Fetihten sonra kilisenin altındaki bodrum, Haliç'teki gemilerin malzemelerinin depolandığı bir ambar olarak kullanılmıştır. Aya Theodosia Kilisesi'nin II. Selim döneminde (1566-1574) Hasan Paşa tarafından camiye dönüştürüldüğü genellikle ileri sürülür. Hadîkatü'l-cevâmi'in matbu nüshasında ise bu işin III. Selim zamanında (1789-1807) gerçekleştirildiği yazılmıştır ki bu bir baskı hatasıdır. İhsan Erzi tarafından işaret edildiğine göre, İstanbul Belediyesi Atatürk Kitaplığı Muallim Cevdet yazmaları arasındaki bir icmal defterinde (nr. 93), 5 Cemâziyelâhir 895'te (26 Nisan 1490) camiye dönüştürülme çalışmalarına başlanarak bu işin altı ayda bitirildiği kaydedilmektedir. 953 (1546) tarihli İstanbul Vakıfları Tahrir Defteri'nde de burası "Câmi-i Gül" olarak kaydedildiğine göre bu eski kilise II. Selim döneminden çok önce camiye çevrilmiştir.
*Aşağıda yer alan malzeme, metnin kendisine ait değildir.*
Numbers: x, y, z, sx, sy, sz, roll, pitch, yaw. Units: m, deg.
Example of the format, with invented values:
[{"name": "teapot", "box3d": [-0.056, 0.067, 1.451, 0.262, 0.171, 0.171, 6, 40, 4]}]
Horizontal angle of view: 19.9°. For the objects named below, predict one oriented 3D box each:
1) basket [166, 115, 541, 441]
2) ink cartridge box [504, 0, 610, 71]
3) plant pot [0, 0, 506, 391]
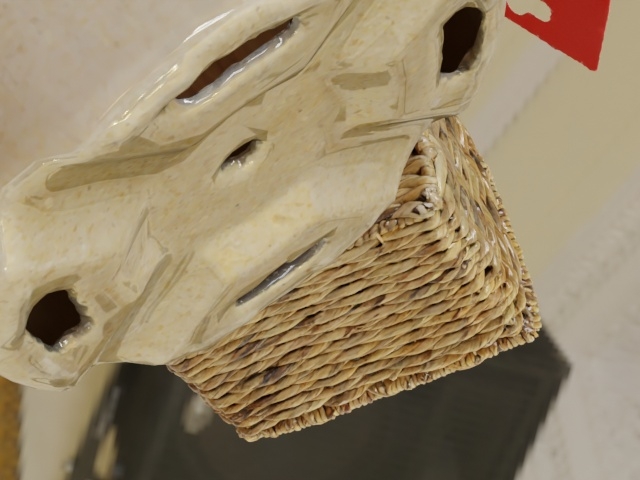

Kanûnî Sultan Süleyman devrinde bir elçilik heyetiyle İstanbul'a gelen ve 1559'da Galata surlarından şehrin, aslı şimdi Hollanda'da Leiden'de bulunan büyük bir resmini çizen Flensburglu Alman Melchior Lorichs (Lorck), Gül Camii yerinde üstü ahşap çatılı, minareli bir cami işaretlemiştir. Türkler'e ne durumda kaldığı bilinmeyen bu eski Bizans yapısı, büyük ihtimalle 1509 zelzelesinde kubbesi ve bütün üst yapısını kaybetmiştir. Bu felâketin arkasından binanın üstü bir ahşap çatı ile örtülmüş, bir süre öylece kullanılmış ve Alman ressam da onu bu haliyle görmüştür. Belki II. Selim döneminde ve Mimar Sinan'ın Hassa başmimarı olduğu yıllarda bu ahşap çatı kaldırıldığı veya bir yangın sonunda çöktüğü için bugün görülen klasik Türk üslûbundaki yan cephelerle ana kemerler ve kubbe yapılmıştır.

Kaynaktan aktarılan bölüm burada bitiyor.